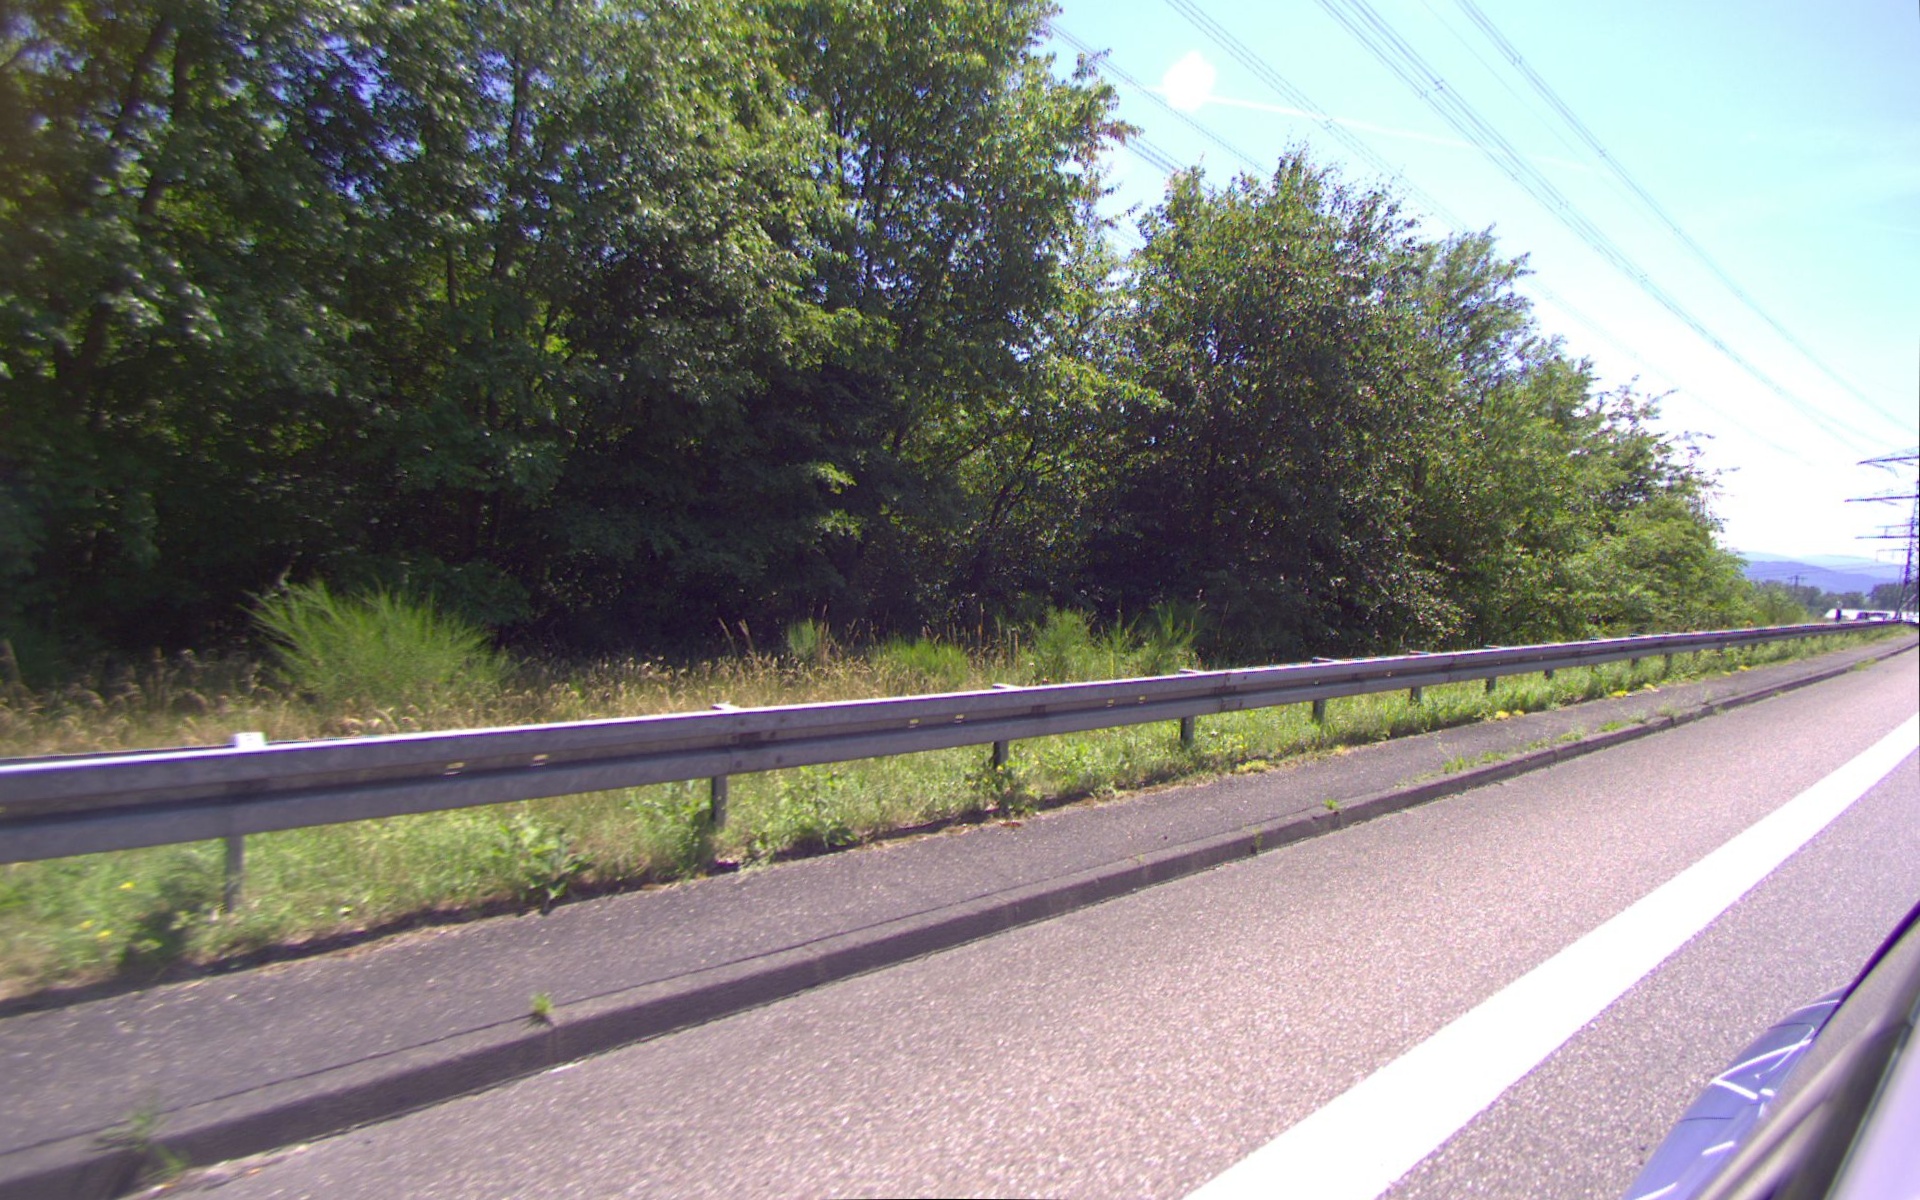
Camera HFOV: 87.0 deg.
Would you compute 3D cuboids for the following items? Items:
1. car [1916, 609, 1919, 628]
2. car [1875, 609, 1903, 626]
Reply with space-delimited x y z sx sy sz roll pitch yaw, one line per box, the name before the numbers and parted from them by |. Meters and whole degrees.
car | 88.115 1.727 91.729 1.992 1.705 3.939 1 0 41
car | 96.309 1.835 104.920 1.992 1.705 3.939 1 0 41
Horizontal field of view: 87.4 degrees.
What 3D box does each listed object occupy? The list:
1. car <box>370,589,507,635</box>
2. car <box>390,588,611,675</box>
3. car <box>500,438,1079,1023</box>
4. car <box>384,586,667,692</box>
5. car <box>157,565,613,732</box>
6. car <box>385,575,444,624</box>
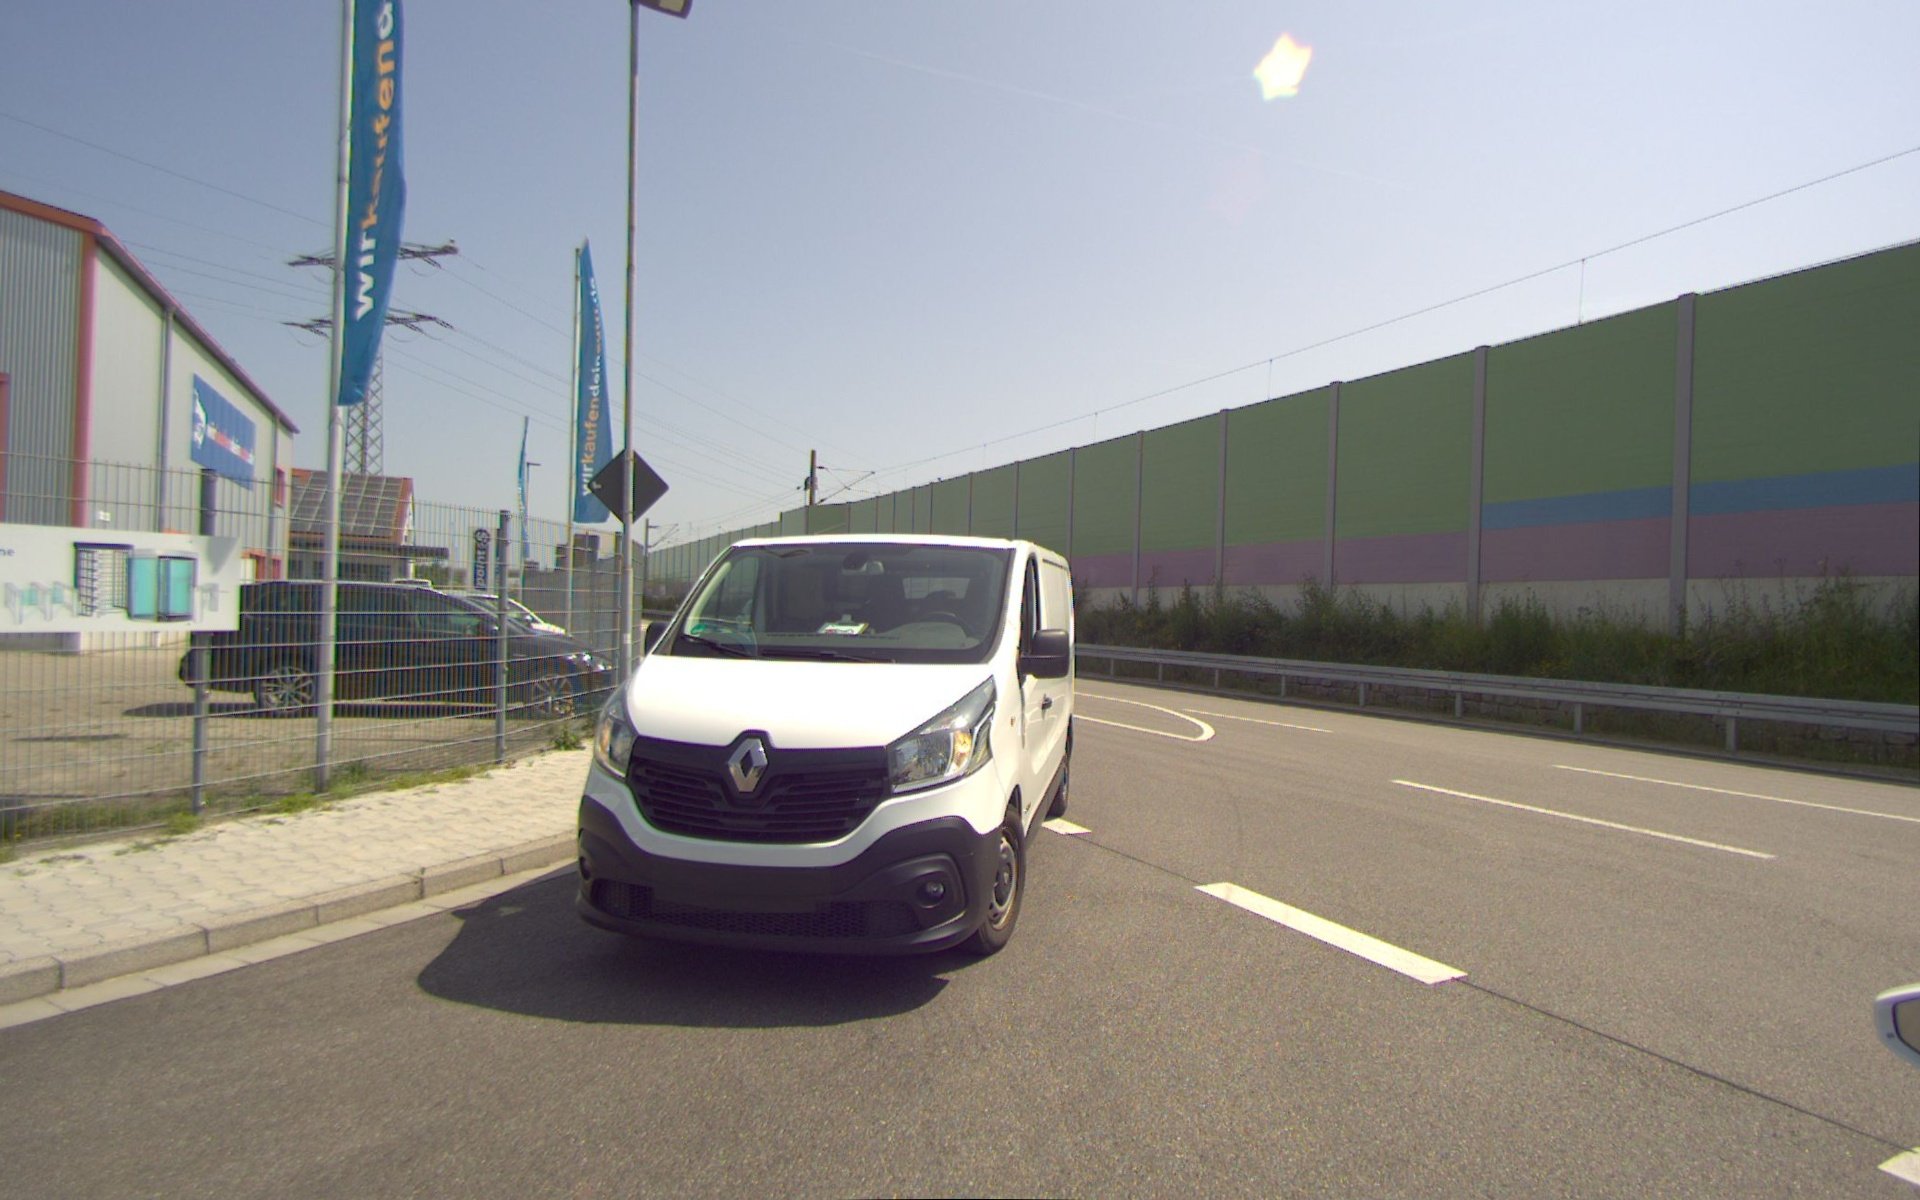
[{"bbox_3d":[-18.739,0.455,36.270,1.712,1.513,4.088,2,-1,28],"label":"car"},{"bbox_3d":[-8.668,0.599,19.150,1.565,1.484,3.473,2,-1,38],"label":"car"},{"bbox_3d":[-0.406,0.509,6.131,1.968,2.088,4.816,0,-1,10],"label":"car"},{"bbox_3d":[-7.015,0.610,16.337,3.959,1.522,1.758,2,0,-34],"label":"car"},{"bbox_3d":[-6.005,0.489,10.899,3.953,1.522,1.761,2,0,-30],"label":"car"},{"bbox_3d":[-24.309,0.000,44.903,1.973,2.040,4.651,2,-1,-25],"label":"car"}]
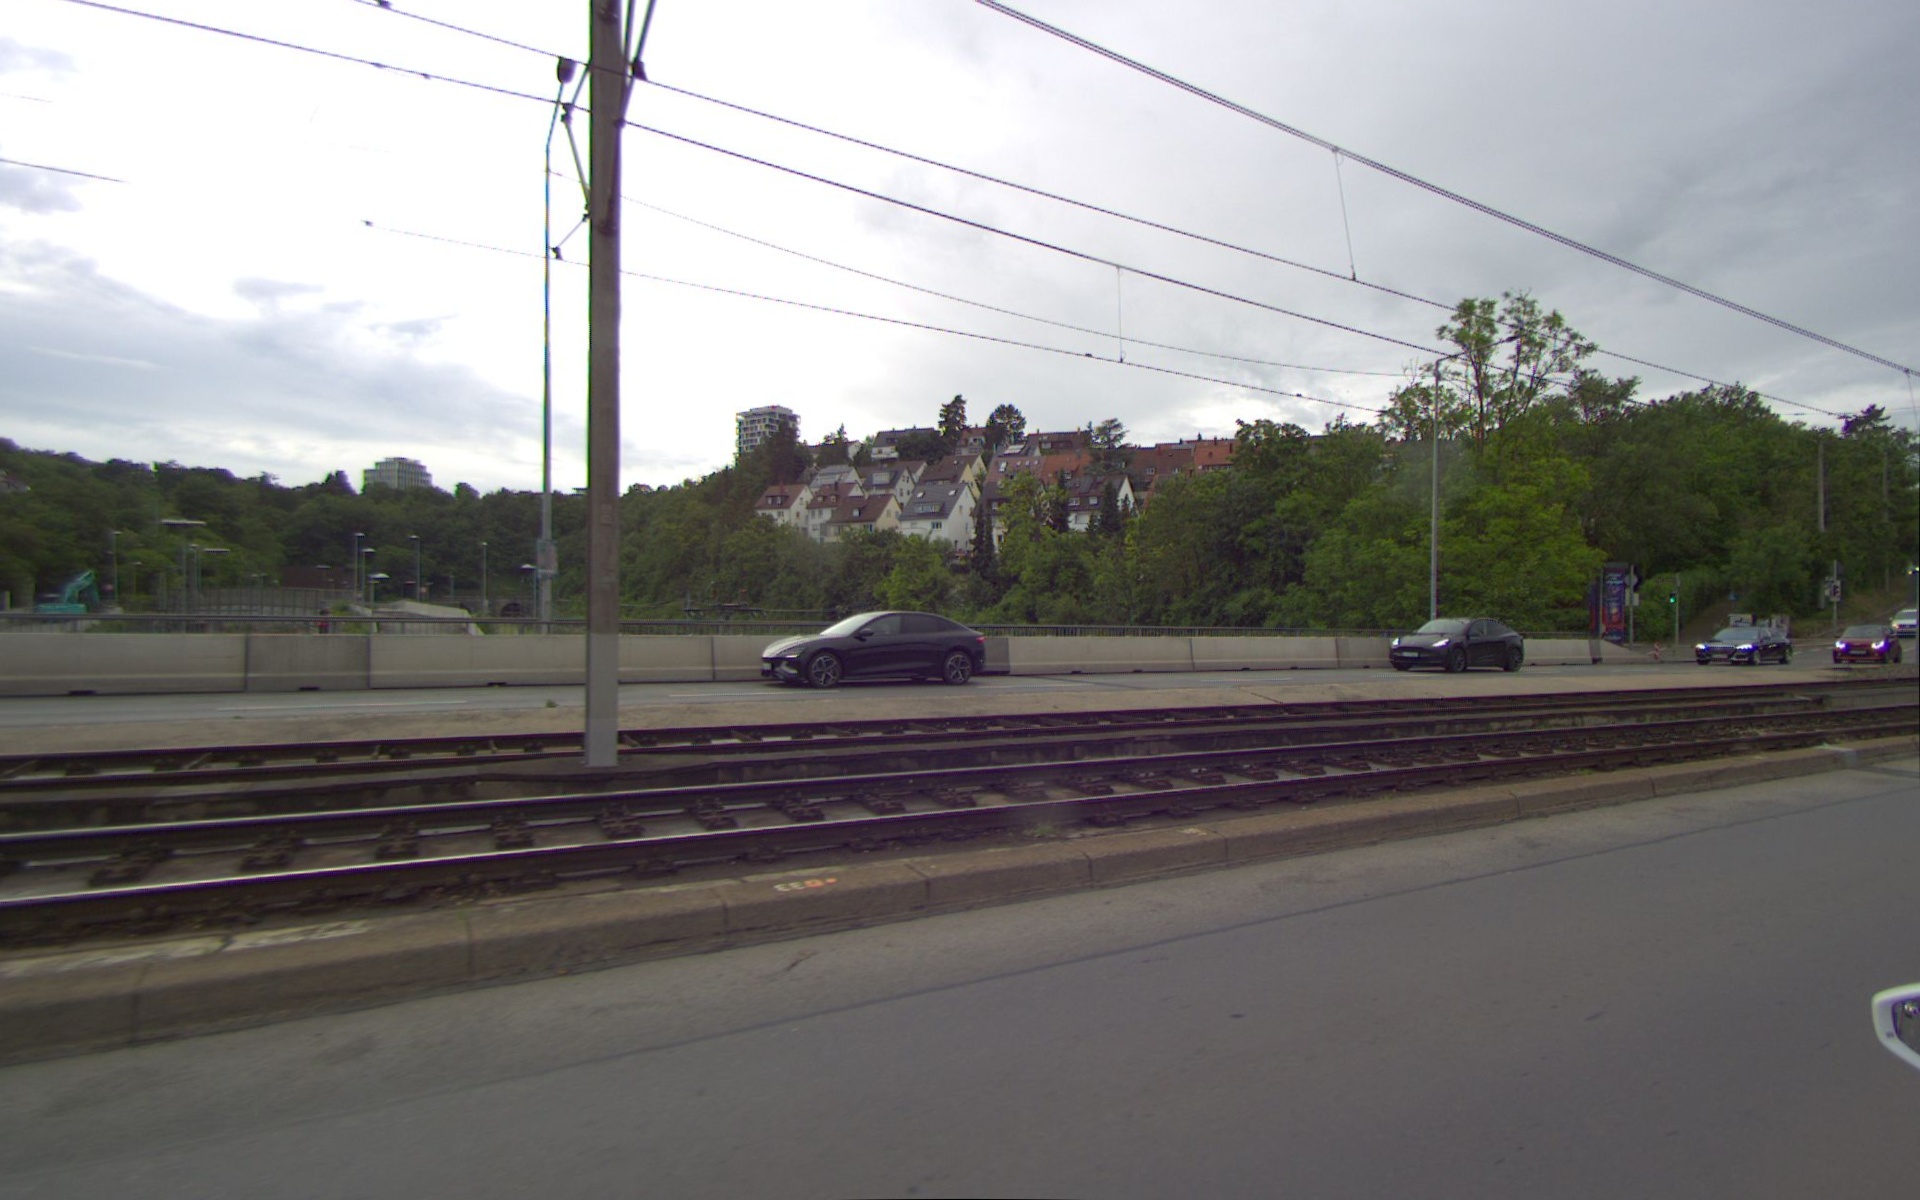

━━━

How to complete this task – These entries are to be printed again word for word, except for the pictures.

Problem solution –
Camera HFOV: 87.0 deg.
Would you compute 3D cuboids for the following items? Items:
1. car [1916, 609, 1919, 628]
2. car [1875, 609, 1903, 626]
Reply with space-delimited x y z sx sy sz roll pitch yaw, one line per box, the name before the numbers and parted from them by |. Meters and whole degrees.
car | 88.115 1.727 91.729 1.992 1.705 3.939 1 0 41
car | 96.309 1.835 104.920 1.992 1.705 3.939 1 0 41
Horizontal field of view: 87.4 degrees.
What 3D box does each listed object occupy? The list:
1. car <box>370,589,507,635</box>
2. car <box>390,588,611,675</box>
3. car <box>500,438,1079,1023</box>
4. car <box>384,586,667,692</box>
5. car <box>157,565,613,732</box>
6. car <box>385,575,444,624</box>
[{"bbox_3d":[-18.739,0.455,36.270,1.712,1.513,4.088,2,-1,28],"label":"car"},{"bbox_3d":[-8.668,0.599,19.150,1.565,1.484,3.473,2,-1,38],"label":"car"},{"bbox_3d":[-0.406,0.509,6.131,1.968,2.088,4.816,0,-1,10],"label":"car"},{"bbox_3d":[-7.015,0.610,16.337,3.959,1.522,1.758,2,0,-34],"label":"car"},{"bbox_3d":[-6.005,0.489,10.899,3.953,1.522,1.761,2,0,-30],"label":"car"},{"bbox_3d":[-24.309,0.000,44.903,1.973,2.040,4.651,2,-1,-25],"label":"car"}]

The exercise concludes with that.